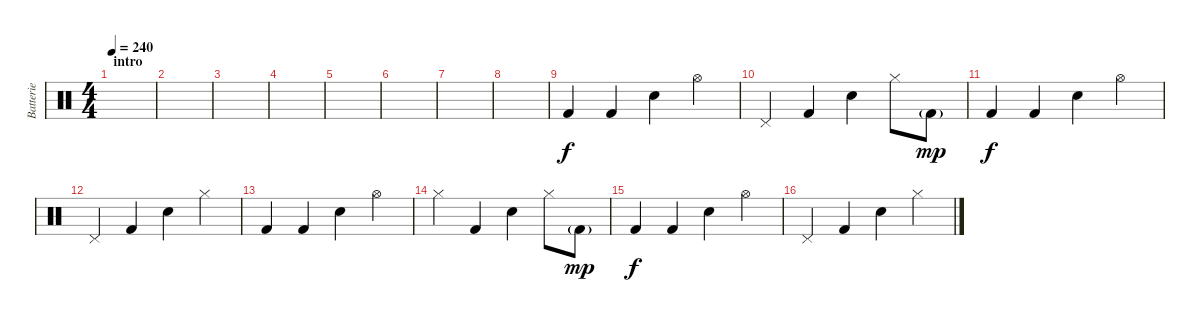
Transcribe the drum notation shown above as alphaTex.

\track ("Batterie" "Batterie") {instrument percussion}
\staff {score}
\articulation defaults
\ts (4 4)
\section ("" "intro")
\tempo 240
\clef neutral
\ks c
|
|
|
|
|
|
|
|
"Kick (hit) 2".4 "Kick (hit) 2".4 "Snare (hit) 2".4 "Hi-Hat (open)".4 |
"Pedal Hi-Hat (hit)".4 "Kick (hit) 2".4 "Snare (hit) 2".4 "Hi-Hat (closed)".8 "Kick (hit) 2"{g}.8{dy mp} |
"Kick (hit) 2".4{dy f} "Kick (hit) 2".4 "Snare (hit) 2".4 "Hi-Hat (open)".4 |
"Pedal Hi-Hat (hit)".4 "Kick (hit) 2".4 "Snare (hit) 2".4 "Hi-Hat (closed)".4 |
"Kick (hit) 2".4 "Kick (hit) 2".4 "Snare (hit) 2".4 "Hi-Hat (open)".4 |
"Hi-Hat (closed)".4 "Kick (hit) 2".4 "Snare (hit) 2".4 "Hi-Hat (closed)".8 "Kick (hit) 2"{g}.8{dy mp} |
"Kick (hit) 2".4{dy f} "Kick (hit) 2".4 "Snare (hit) 2".4 "Hi-Hat (open)".4 |
"Pedal Hi-Hat (hit)".4 "Kick (hit) 2".4 "Snare (hit) 2".4 "Hi-Hat (closed)".4
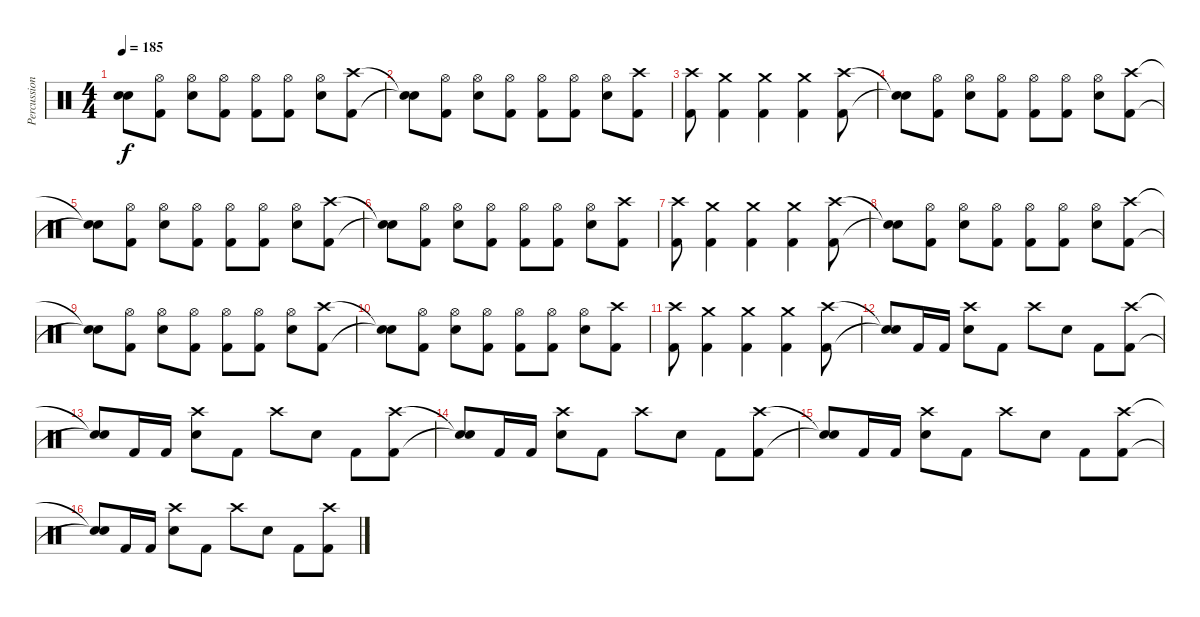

══════════

▶ What you are asked to do: Copy the material verbatim. The pictures are not part of the copy.

▶ Task output:
Transcribe the drum notation shown above as alphaTex.

\track ("Batterie" "Batterie") {instrument percussion}
\staff {score}
\articulation defaults
\ts (4 4)
\section ("" "intro")
\tempo 240
\clef neutral
\ks c
|
|
|
|
|
|
|
|
"Kick (hit) 2".4 "Kick (hit) 2".4 "Snare (hit) 2".4 "Hi-Hat (open)".4 |
"Pedal Hi-Hat (hit)".4 "Kick (hit) 2".4 "Snare (hit) 2".4 "Hi-Hat (closed)".8 "Kick (hit) 2"{g}.8{dy mp} |
"Kick (hit) 2".4{dy f} "Kick (hit) 2".4 "Snare (hit) 2".4 "Hi-Hat (open)".4 |
"Pedal Hi-Hat (hit)".4 "Kick (hit) 2".4 "Snare (hit) 2".4 "Hi-Hat (closed)".4 |
"Kick (hit) 2".4 "Kick (hit) 2".4 "Snare (hit) 2".4 "Hi-Hat (open)".4 |
"Hi-Hat (closed)".4 "Kick (hit) 2".4 "Snare (hit) 2".4 "Hi-Hat (closed)".8 "Kick (hit) 2"{g}.8{dy mp} |
"Kick (hit) 2".4{dy f} "Kick (hit) 2".4 "Snare (hit) 2".4 "Hi-Hat (open)".4 |
"Pedal Hi-Hat (hit)".4 "Kick (hit) 2".4 "Snare (hit) 2".4 "Hi-Hat (closed)".4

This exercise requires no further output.